06 Mar 2009 sweet affirmation
 |  Category: Inspirational, Miscellaneous

In Helaman 10, Mormon records the Lord’s dealings with the Prophet Nephi and the people in general.  Mormon records Nephi’s righteousness and how he has sought the Lord’s will and to keep His commandments at all times, irrespective of what personal danger or discomfort it may impose.  And, because of this [Nephi’s unwearyingness], the Lord gives Nephi tremendous spiritual blessings, including the sealing power.  This particular entry from Mormon has always caught my attention in past readings because of Nephi’s faithfulness and the evidence of why he was given the sealing power.  The Lord makes very clear why Nephi was so richly blessed – and, by extension, how each of us can be equally blessed when we’re equally obedient, faithful, and committed.

Something else caught my eye this time, though, in a way I’d not considered previously.  Specifically, the last part of verse 5: “… behold, I will bless thee forever; and I will make thee mighty in word and in deed, in faith and in works; yea, even that all things shall be done unto thee according to thy word, for thou shalt not ask that which is contrary to my will” (emphasis added).

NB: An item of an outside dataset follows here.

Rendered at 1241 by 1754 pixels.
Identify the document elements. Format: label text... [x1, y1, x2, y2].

I’ve always read that as a sweet affirmation of the Lord, that Nephi had proven himself sufficiently, through prior trials, that he would do whatsoever the Lord commanded him (which is, afterall, the express purpose for which we’ve come to mortality – D&C 84:44).  I still think that’s an appropriate and a correct reading of the verse.  After all, in many other revelations the Lord has declared similarly, that each individual must prove worthy (not because we are capable alone, without the grace of Christ- but rather, that we’re willing to persevere with faith in Christ despite our weaknesses) and that, once we’ve done so, we qualify for blessings beyond comprehension (i.e. calling and election, visions of eternities, second Comforter, et cetera).

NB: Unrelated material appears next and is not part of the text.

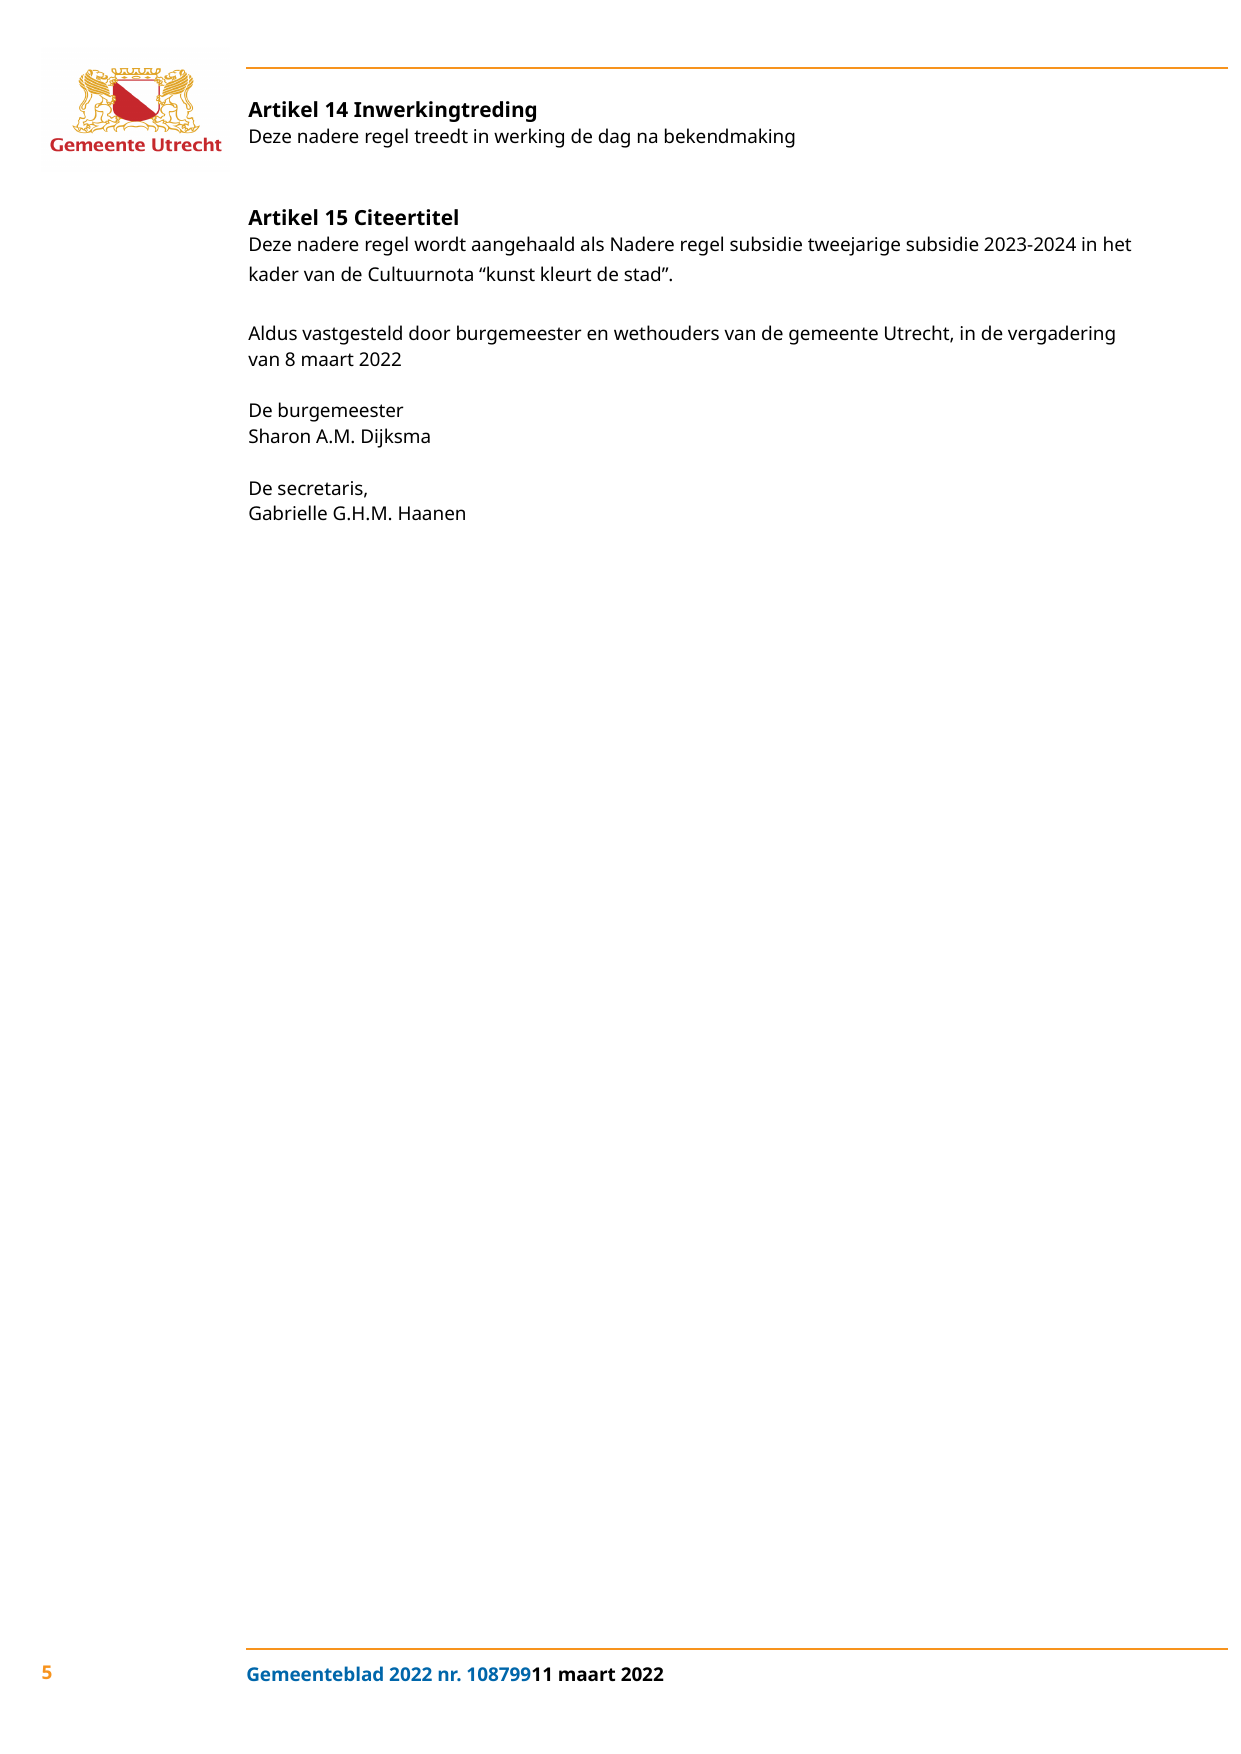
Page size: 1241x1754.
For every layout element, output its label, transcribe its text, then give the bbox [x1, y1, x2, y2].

This time I understood it to be a dual-purpose statement: (1) an affirmation of prior performance, and (2) a commandment.  The Lord did both simultaneosuly – isn’t He clever?  He commanded Nephi that he should “not ask that which is contrary to [God’s] will” and concurrently bolstered Nephi’s faith that He was supremely, yea divinely confident that His power, especially the sealing power, would not be abused.

It’s a wise and loving (and clever!) parent that can command a child not to do something and at the same time provide confidence, assurance, and encouragement to that same child that (s)he is trusted with immeasurable power.